EXERCISE INPUTS

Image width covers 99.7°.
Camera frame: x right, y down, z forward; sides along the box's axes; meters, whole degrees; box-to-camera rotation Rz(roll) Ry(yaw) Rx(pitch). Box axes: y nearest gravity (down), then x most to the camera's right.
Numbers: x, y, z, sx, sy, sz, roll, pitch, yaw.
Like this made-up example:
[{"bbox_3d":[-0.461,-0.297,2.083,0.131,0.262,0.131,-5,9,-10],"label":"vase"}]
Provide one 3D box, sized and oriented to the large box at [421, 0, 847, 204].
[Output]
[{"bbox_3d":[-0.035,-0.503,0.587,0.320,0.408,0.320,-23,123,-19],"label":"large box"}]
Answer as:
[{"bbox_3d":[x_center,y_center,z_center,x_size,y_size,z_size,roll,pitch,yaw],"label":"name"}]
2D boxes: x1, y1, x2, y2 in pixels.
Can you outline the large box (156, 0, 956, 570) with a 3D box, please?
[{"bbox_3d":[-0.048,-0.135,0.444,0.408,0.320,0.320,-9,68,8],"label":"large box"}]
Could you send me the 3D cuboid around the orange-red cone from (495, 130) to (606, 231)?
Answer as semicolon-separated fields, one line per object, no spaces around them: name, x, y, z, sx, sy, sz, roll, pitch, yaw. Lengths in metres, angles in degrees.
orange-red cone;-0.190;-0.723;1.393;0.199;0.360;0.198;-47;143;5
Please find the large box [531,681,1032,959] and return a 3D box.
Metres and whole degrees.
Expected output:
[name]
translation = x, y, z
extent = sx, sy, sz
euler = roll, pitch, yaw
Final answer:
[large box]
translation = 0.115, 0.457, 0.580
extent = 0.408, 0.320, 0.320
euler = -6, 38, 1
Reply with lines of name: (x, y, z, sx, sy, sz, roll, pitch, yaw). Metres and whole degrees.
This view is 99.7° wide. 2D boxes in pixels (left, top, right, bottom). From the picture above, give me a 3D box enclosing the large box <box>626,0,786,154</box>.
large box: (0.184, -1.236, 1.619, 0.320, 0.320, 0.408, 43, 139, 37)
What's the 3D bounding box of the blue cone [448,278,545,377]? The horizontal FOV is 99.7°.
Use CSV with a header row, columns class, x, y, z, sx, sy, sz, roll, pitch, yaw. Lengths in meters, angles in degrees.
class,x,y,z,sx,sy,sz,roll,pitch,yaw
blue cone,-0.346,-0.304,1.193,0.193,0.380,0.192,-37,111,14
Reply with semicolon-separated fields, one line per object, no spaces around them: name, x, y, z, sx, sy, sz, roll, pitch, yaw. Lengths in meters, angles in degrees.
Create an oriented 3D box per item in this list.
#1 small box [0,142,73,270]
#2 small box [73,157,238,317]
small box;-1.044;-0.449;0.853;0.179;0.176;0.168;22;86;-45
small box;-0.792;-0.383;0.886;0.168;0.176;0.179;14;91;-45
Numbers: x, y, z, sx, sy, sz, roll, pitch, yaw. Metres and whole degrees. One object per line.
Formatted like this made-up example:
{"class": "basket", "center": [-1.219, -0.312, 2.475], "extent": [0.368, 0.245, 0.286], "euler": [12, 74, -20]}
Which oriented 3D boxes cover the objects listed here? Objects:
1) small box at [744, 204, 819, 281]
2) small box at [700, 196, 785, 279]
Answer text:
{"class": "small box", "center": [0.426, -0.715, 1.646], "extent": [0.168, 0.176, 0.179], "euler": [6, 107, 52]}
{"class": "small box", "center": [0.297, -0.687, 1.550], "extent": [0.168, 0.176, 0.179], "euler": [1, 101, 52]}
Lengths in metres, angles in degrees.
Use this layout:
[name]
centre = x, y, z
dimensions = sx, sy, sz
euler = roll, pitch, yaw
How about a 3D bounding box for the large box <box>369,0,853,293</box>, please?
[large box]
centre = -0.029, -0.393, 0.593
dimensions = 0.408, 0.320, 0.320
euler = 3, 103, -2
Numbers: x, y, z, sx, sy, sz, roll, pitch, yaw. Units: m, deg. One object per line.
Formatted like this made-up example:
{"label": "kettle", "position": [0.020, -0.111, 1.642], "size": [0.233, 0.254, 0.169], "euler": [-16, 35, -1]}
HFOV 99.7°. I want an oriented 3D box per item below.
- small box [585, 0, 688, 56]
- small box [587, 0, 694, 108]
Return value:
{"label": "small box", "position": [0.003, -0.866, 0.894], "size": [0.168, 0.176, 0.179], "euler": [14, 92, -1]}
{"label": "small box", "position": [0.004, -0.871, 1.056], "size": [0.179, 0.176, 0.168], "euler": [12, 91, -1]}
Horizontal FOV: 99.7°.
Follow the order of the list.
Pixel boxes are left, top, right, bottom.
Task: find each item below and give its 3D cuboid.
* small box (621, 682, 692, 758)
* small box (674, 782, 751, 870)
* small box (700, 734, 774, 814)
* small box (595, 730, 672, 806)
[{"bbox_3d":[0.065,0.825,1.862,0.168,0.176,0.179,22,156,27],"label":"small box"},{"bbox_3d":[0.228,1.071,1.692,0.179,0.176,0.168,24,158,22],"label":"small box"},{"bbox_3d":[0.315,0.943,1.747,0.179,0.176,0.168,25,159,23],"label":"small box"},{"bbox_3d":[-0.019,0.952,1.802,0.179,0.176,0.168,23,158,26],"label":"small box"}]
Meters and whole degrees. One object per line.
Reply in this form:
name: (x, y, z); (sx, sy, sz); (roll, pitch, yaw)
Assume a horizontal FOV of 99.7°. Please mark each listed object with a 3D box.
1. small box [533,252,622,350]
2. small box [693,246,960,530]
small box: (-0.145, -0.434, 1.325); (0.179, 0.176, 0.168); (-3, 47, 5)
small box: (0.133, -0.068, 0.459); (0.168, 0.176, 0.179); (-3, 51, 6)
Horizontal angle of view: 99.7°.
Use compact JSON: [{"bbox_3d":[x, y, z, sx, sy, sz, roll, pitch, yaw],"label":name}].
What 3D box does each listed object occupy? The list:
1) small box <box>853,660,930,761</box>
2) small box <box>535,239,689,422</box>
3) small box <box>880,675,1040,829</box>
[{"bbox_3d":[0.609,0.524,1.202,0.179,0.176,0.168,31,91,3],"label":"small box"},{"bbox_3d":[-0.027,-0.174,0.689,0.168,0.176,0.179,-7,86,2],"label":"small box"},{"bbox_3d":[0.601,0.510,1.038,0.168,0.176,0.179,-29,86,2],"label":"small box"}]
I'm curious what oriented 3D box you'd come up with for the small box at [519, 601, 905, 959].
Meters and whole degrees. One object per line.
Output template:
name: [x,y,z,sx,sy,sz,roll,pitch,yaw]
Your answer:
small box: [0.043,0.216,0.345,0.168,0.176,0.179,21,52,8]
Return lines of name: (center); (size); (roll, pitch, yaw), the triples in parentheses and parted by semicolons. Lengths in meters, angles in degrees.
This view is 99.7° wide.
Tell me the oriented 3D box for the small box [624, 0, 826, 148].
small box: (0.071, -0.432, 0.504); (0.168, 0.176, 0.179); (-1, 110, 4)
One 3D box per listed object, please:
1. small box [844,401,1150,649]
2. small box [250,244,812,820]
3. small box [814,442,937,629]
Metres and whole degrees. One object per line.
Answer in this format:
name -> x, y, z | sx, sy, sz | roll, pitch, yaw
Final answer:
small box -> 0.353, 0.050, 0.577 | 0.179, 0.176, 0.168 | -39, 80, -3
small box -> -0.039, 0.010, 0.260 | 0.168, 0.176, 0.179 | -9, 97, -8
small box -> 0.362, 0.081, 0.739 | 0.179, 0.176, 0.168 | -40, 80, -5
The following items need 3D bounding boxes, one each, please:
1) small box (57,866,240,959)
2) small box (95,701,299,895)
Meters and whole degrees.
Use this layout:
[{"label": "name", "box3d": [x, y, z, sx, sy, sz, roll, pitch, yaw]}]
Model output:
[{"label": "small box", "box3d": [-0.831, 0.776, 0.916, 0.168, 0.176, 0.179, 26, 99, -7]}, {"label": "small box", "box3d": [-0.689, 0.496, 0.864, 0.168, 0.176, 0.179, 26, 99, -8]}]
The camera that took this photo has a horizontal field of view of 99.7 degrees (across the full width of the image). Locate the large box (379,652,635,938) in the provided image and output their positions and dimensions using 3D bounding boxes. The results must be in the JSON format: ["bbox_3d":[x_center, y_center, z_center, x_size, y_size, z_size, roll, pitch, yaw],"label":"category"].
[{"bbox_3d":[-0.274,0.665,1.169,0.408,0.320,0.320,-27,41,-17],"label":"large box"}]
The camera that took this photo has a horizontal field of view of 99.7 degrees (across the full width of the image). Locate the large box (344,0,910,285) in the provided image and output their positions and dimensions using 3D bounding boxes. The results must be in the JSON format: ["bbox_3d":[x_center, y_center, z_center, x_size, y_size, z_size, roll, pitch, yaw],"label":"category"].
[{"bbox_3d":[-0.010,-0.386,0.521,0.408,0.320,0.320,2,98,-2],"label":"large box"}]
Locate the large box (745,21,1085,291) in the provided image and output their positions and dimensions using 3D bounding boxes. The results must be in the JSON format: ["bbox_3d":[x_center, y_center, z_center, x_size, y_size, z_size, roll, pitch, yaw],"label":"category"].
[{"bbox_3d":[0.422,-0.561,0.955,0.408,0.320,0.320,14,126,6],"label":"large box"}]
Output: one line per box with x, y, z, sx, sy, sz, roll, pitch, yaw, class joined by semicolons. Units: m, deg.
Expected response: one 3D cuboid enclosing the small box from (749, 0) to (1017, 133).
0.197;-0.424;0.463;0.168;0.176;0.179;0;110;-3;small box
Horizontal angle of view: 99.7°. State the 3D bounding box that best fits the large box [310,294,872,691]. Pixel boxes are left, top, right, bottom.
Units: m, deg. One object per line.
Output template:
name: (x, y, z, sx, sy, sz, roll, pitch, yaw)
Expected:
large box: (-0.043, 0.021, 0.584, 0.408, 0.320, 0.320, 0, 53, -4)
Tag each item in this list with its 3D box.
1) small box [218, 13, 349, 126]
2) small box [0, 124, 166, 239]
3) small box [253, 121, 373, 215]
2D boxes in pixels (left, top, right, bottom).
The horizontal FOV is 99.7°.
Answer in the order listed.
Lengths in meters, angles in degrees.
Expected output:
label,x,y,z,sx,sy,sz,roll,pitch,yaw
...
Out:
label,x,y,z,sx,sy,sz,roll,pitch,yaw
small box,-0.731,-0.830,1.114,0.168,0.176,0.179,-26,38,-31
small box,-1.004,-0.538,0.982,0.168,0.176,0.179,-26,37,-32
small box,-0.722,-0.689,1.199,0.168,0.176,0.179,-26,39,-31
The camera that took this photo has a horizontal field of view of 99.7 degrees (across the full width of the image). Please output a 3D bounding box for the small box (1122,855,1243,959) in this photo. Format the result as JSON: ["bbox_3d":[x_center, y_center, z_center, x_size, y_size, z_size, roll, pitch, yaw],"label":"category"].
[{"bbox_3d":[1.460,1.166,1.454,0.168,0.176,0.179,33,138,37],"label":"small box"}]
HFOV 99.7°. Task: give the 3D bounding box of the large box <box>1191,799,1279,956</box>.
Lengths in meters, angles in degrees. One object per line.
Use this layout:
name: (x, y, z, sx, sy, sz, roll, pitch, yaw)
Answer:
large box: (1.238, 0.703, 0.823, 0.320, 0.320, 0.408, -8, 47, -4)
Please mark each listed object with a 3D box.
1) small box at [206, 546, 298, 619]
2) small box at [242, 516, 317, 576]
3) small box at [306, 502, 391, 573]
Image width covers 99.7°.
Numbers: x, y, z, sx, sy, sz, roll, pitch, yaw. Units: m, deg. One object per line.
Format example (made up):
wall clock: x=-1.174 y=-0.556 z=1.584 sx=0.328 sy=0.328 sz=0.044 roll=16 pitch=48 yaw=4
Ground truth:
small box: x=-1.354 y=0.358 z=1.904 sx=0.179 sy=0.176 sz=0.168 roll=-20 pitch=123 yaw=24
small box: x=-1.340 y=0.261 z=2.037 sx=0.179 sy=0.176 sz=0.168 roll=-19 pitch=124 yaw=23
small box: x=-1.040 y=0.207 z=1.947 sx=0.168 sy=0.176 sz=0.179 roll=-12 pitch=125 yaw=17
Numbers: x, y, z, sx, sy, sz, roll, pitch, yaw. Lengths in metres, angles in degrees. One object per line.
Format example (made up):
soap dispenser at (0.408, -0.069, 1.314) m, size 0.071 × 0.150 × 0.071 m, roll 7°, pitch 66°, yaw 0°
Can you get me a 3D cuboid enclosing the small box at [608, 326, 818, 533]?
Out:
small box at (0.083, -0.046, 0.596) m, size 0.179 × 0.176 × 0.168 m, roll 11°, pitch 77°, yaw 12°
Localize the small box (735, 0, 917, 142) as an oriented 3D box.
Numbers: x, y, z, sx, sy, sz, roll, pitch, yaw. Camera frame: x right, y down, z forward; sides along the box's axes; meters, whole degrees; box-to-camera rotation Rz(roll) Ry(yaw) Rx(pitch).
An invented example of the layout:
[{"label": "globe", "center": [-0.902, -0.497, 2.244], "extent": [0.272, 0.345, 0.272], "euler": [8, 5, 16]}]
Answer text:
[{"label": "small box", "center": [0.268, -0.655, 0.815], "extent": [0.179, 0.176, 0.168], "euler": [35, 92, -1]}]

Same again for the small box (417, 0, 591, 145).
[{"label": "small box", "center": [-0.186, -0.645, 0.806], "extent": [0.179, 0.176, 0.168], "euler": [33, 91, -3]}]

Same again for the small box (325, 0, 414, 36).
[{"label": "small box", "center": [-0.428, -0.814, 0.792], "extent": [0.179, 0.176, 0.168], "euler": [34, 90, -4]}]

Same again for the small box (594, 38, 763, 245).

TASK BRIEF
Within the listing, how many lines hold the string "each"? Answer with the number alone.

PROBLEM SOLUTION
6